REMAINS TO BE SEEN: “Our Body” as ideology

Katie (who gets credit for this title), Samantha, and I got sucked into the “OUR BODY” exhibit at UT’s Stark Center, which houses a “museum” dedicated to the instillation of norms of human “fitness.” Named after fitness gurus Joe and Betty Weider, its galleries include a huge, rotating plaster cast of a statue of Hercules, a reading room featuring sports history and periodicals; its walls are graced by posters of athletes and groups of men and women working out.

The call to fitness contextualizes the experience of the OUR BODY exhibit. Only during our making our way through the exhibit did its other investments become apparent. Of course, like all exhibits, it is rhetorical, guiding spectators teleologically through its scenes. Lighting, technology, and walls of quotations from philosophers, artists, and anatomists all give dignifying credence to the display.

But there are numerous problems with this series of representations. Numerous scholars and journalists have attended to how the plastinicization of corpses as a way of preserving them for display, the selection of “fit” bodies posed in athletic endeavors, and the pedagogical revelation of “diseased” bodies all may be aligned aesthetically and ideologically with Nazism. They are bodies made to work in the name of freedom from superstition and romance. (See, and the excellent rhetorical/anthropological analysis at

In addition, the gender politics of the exhibit are alarming. Almost all of the “plastinates” as critics call them are male; penises and testes dangle matter-of-factly from most, with signs identifying the penis at every one. The female body is reserved for and sequestered in the “prenatal” area, marked off with warnings about the material within being sensitive and commanding reverence from viewers. Parents are exhorted to escort their children or protect them from this content. Inside this small display, one gets a look at the female reproductive system, with strange emphasis on the vulva, labia, and even pubic hair.

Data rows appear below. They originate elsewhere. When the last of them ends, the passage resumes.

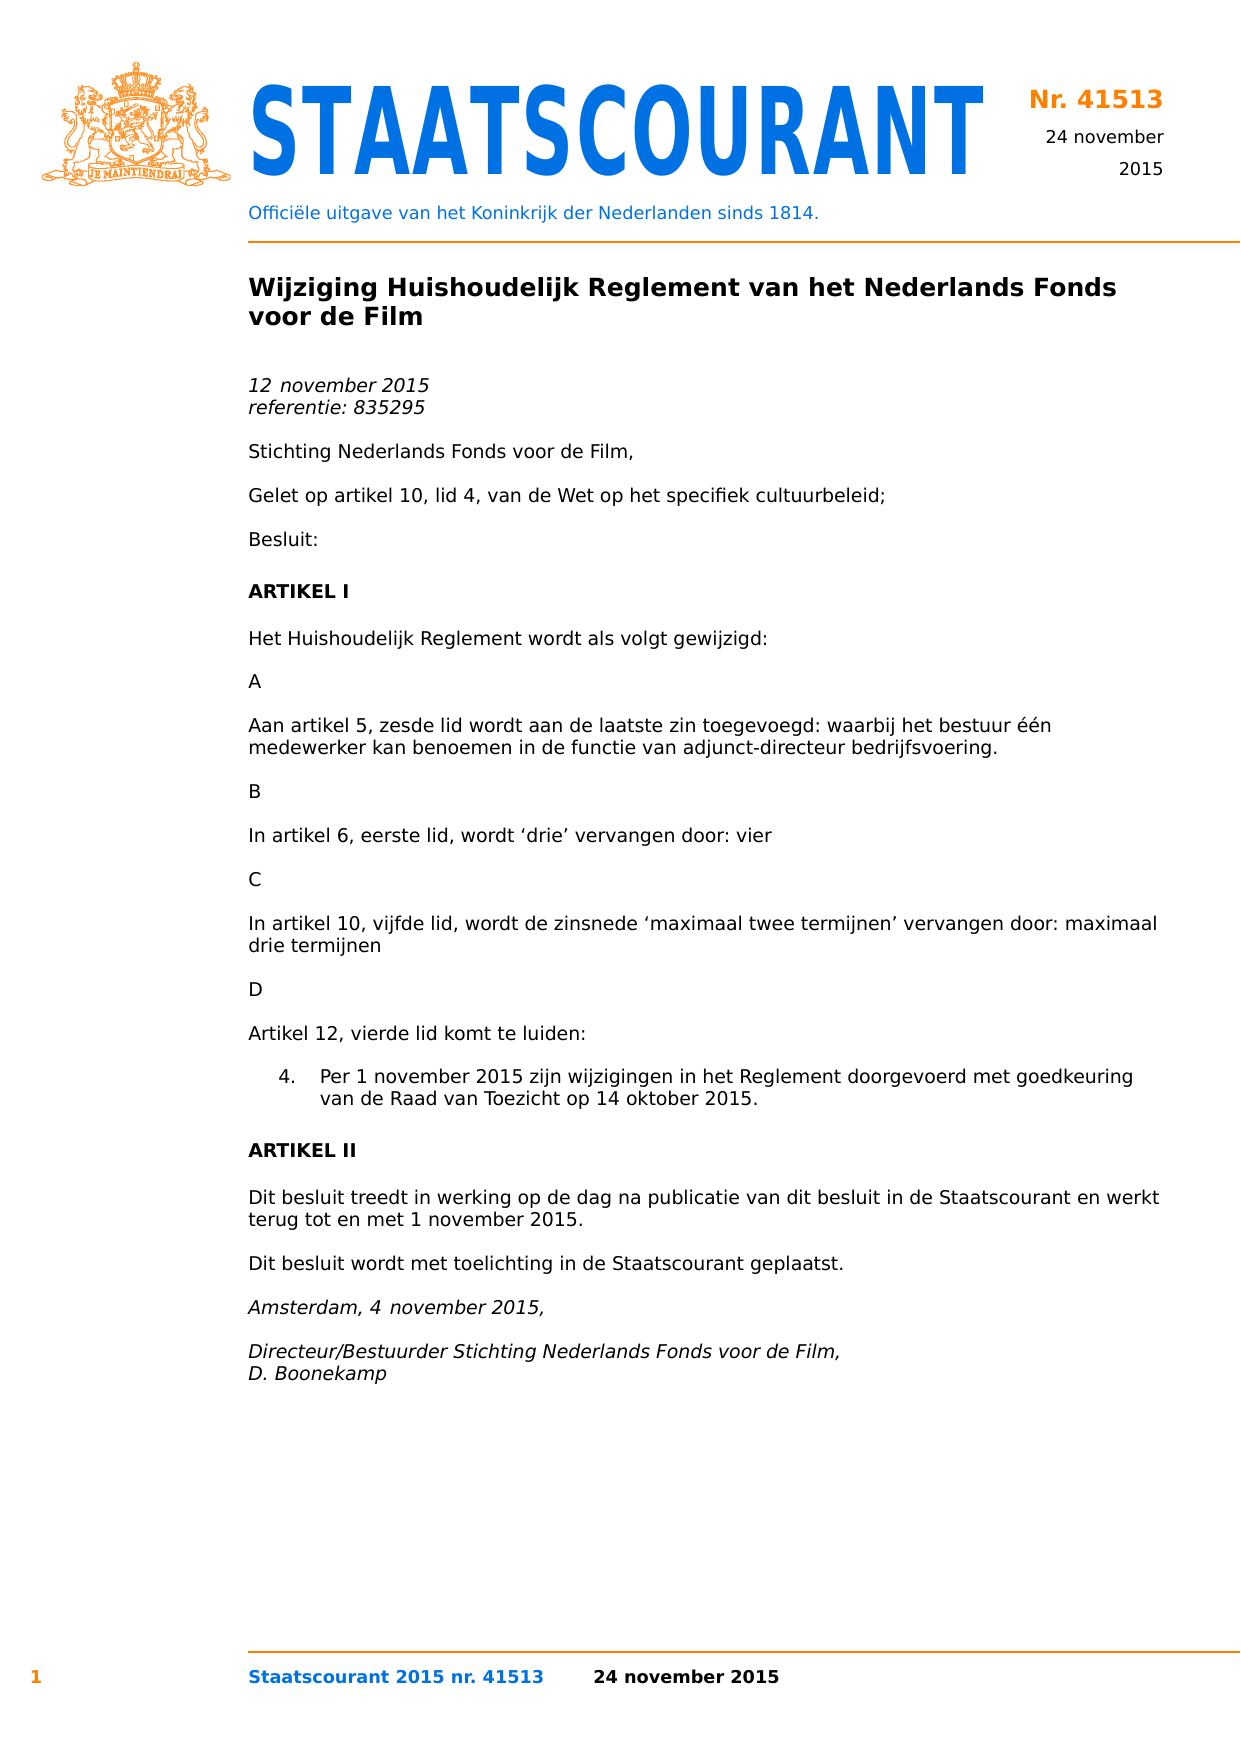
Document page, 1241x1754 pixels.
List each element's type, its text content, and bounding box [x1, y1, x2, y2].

table_header Nr. 41513 [998, 62, 1240, 121]
table_header [25, 62, 248, 241]
text Stichting Nederlands Fonds voor de Film, [248, 441, 1163, 463]
text Besluit: [248, 529, 1163, 551]
table_cell 2015 [998, 153, 1240, 203]
text Artikel 12, vierde lid komt te luiden: [248, 1022, 1163, 1044]
text Het Huishoudelijk Reglement wordt als volgt gewijzigd: [248, 628, 1163, 649]
text Directeur/Bestuurder Stichting Nederlands Fonds voor de Film, D. Boonekamp [248, 1341, 1163, 1385]
subtitle ARTIKEL I [248, 581, 1163, 603]
text In artikel 6, eerste lid, wordt ‘drie’ vervangen door: vier [248, 825, 1163, 847]
text D [248, 978, 1163, 1001]
text 4. Per 1 november 2015 zijn wijzigingen in het Reglement doorgevoerd met goedkeuring van de Raad van Toezicht op 14 oktober 2015. [278, 1066, 1163, 1110]
text referentie: 835295 [248, 397, 1163, 419]
subtitle Wijziging Huishoudelijk Reglement van het Nederlands Fonds voor de Film [248, 273, 1163, 331]
table_cell Officiële uitgave van het Koninkrijk der Nederlanden sinds 1814. [248, 203, 1240, 241]
text C [248, 869, 1163, 891]
text Dit besluit wordt met toelichting in de Staatscourant geplaatst. [248, 1253, 1163, 1275]
text Amsterdam, 4 november 2015, [248, 1297, 1163, 1319]
text In artikel 10, vijfde lid, wordt de zinsnede ‘maximaal twee termijnen’ vervangen door: maximaal drie termijnen [248, 913, 1163, 957]
text B [248, 781, 1163, 803]
text Aan artikel 5, zesde lid wordt aan de laatste zin toegevoegd: waarbij het bestuur één medewerker kan benoemen in de functie van adjunct-directeur bedrijfsvoering. [248, 715, 1163, 759]
text 12 november 2015 [248, 375, 1163, 397]
text Dit besluit treedt in werking op de dag na publicatie van dit besluit in de Staatscourant en werkt terug tot en met 1 november 2015. [248, 1187, 1163, 1231]
picture [41, 62, 231, 186]
table_header STAATSCOURANT [248, 62, 998, 203]
text A [248, 671, 1163, 693]
text Gelet op artikel 10, lid 4, van de Wet op het specifiek cultuurbeleid; [248, 485, 1163, 507]
subtitle ARTIKEL II [248, 1140, 1163, 1162]
table_cell 24 november [998, 121, 1240, 153]

Then there are fetuses suspended in plastic at various stages of development. A wall sign describes the changes in fetal development week-by-week; except for the title of the display outside, the fetus is referred to as “the baby” after the blastocyst stage. The reservation of femininity for reproduction and the reverence dictated toward gestation have clear ideological import. (At the same time, the display of fetuses–shrimplike even at 8-12 weeks–would give pause to any abortion opponent looking for ammunition.)

In other cities around the world, the exhibit has gone under a number of names and has included varying numbers of plastinates. In some exhibits, the donors of corpses and their release forms are put into the foreground. In Austin, however, there is no mention of where the bodies came from. One is struck by the fact that they are overwhelmingly male and Asian in their features and coloration. (There is something seriously disturbing about seeing a corpse holding its own removed skin draped over one extended arm.)

A little digging reveals that it is likely that the bodies in the Austin exhibit (with the exception of the fetuses, of course) are those of Chinese convicts, numbers of whom could have been political prisoners, who were executed or died in prison. There is no way that these once-persons gave their “consent” to participate in this ostensibly educational, scientific project.

According to Boston Herald journalist Darren Garnick, German scientist “Gunther von Hagens’ factory in Dalian, China’s third largest port,
reportedly employs 260 medical school grads to work the “Body Worlds” assembly line. Factory workers get $200-$400 a month to peel skin,
scrape fat off muscle and replace bodily fluids with soft plastic. Based on a presumed 40-hour work week, that comes to $1.25 to $2.50 an hour for what has to be the grossest job in the Eastern Hemisphere” (; see also

This fact more than any other reveals the exhibit as a for-profit enterprise mounted by the self-aggrandizing inventor of the plastinicization process. (Not incidentally, visiting the exhibit is not cheap.)

Finally, the exhibit cultivates pornographic voyeurism, which, one could argue, all such representations do. I am not embracing a scopophobic stance, however. Numbers of groups have protested this exhibit where it has appeared (notable among them are religious groups for the unavoidable materialism of the display). Given the heinous provenance of these bodies, the employment of sweatshop labor in the tranformation of them into objects, and the posing of the dead as physically fit Barbie dolls, protest is a reasonable response.

At the very least, we should encourage spectators to recognize the rhetoricity of the display and to question the conditions of its production and the social relations of its consumption.

At UT, the exhibit is called: “OUR BODY: The Universe Within.” Marketed as a display of “actual human bodies,” the display will, according to promotional material, make it so that “You will never look at your body in the same way again!” It is, according to the brochure, a “blockbuster exhibit!”

The exhortations to regard these molded, arranged bodies as “our bodies” and to learn a new way of seeing ourselves through these viscerally exposed models may cultivate identification with these anonymous others. However, it seems to me that the import of the title “OUR BODIES” is the claim to ownership, wherein property and propriety intersect.